TASK REQUIREMENTS >>
Write each record again exactly as it stands.

Collected data
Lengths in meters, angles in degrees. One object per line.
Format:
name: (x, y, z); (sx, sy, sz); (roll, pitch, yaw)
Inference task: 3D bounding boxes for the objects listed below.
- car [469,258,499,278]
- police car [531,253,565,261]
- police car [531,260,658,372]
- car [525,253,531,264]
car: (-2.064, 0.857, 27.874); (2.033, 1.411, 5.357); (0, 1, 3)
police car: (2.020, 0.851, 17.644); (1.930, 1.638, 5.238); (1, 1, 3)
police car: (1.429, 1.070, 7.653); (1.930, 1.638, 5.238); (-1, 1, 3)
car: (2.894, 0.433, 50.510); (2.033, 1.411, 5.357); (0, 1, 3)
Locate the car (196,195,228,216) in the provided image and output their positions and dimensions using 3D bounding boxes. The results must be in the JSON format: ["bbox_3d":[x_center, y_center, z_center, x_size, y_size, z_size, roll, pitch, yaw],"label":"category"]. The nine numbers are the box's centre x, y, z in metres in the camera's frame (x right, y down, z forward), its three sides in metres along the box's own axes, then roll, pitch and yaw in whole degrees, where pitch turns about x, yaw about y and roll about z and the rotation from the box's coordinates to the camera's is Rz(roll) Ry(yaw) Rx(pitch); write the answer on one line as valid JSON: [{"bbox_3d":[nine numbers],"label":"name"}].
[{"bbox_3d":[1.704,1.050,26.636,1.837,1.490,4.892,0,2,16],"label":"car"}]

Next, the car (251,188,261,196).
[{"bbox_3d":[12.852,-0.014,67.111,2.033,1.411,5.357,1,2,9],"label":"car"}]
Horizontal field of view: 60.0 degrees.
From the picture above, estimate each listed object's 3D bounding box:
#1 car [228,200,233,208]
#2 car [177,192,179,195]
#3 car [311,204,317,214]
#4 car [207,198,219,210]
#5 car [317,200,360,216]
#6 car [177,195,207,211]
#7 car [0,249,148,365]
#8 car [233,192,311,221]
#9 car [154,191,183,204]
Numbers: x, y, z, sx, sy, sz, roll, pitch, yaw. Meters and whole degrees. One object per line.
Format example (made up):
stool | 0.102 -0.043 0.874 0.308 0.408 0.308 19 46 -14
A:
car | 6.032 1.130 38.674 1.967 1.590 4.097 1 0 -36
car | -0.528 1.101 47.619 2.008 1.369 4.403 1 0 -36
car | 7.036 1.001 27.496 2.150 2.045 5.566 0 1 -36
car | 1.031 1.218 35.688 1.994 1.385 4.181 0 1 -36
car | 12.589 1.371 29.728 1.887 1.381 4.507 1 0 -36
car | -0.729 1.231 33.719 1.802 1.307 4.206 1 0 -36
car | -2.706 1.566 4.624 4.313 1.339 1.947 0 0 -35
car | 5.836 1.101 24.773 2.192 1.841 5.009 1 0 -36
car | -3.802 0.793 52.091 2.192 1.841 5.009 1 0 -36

RESPONSE AREA >>
Lengths in meters, angles in degrees. One object per line.
Format:
name: (x, y, z); (sx, sy, sz); (roll, pitch, yaw)
Inference task: 3D bounding boxes for the objects listed below.
- car [469,258,499,278]
- police car [531,253,565,261]
- police car [531,260,658,372]
- car [525,253,531,264]
car: (-2.064, 0.857, 27.874); (2.033, 1.411, 5.357); (0, 1, 3)
police car: (2.020, 0.851, 17.644); (1.930, 1.638, 5.238); (1, 1, 3)
police car: (1.429, 1.070, 7.653); (1.930, 1.638, 5.238); (-1, 1, 3)
car: (2.894, 0.433, 50.510); (2.033, 1.411, 5.357); (0, 1, 3)
Locate the car (196,195,228,216) in the provided image and output their positions and dimensions using 3D bounding boxes. The results must be in the JSON format: ["bbox_3d":[x_center, y_center, z_center, x_size, y_size, z_size, roll, pitch, yaw],"label":"category"]. The nine numbers are the box's centre x, y, z in metres in the camera's frame (x right, y down, z forward), its three sides in metres along the box's own axes, then roll, pitch and yaw in whole degrees, where pitch turns about x, yaw about y and roll about z and the rotation from the box's coordinates to the camera's is Rz(roll) Ry(yaw) Rx(pitch); write the answer on one line as valid JSON: [{"bbox_3d":[nine numbers],"label":"name"}].
[{"bbox_3d":[1.704,1.050,26.636,1.837,1.490,4.892,0,2,16],"label":"car"}]

Next, the car (251,188,261,196).
[{"bbox_3d":[12.852,-0.014,67.111,2.033,1.411,5.357,1,2,9],"label":"car"}]
Horizontal field of view: 60.0 degrees.
From the picture above, estimate each listed object's 3D bounding box:
#1 car [228,200,233,208]
#2 car [177,192,179,195]
#3 car [311,204,317,214]
#4 car [207,198,219,210]
#5 car [317,200,360,216]
#6 car [177,195,207,211]
#7 car [0,249,148,365]
#8 car [233,192,311,221]
#9 car [154,191,183,204]
Numbers: x, y, z, sx, sy, sz, roll, pitch, yaw. Meters and whole degrees. One object per line.
Format example (made up):
stool | 0.102 -0.043 0.874 0.308 0.408 0.308 19 46 -14
A:
car | 6.032 1.130 38.674 1.967 1.590 4.097 1 0 -36
car | -0.528 1.101 47.619 2.008 1.369 4.403 1 0 -36
car | 7.036 1.001 27.496 2.150 2.045 5.566 0 1 -36
car | 1.031 1.218 35.688 1.994 1.385 4.181 0 1 -36
car | 12.589 1.371 29.728 1.887 1.381 4.507 1 0 -36
car | -0.729 1.231 33.719 1.802 1.307 4.206 1 0 -36
car | -2.706 1.566 4.624 4.313 1.339 1.947 0 0 -35
car | 5.836 1.101 24.773 2.192 1.841 5.009 1 0 -36
car | -3.802 0.793 52.091 2.192 1.841 5.009 1 0 -36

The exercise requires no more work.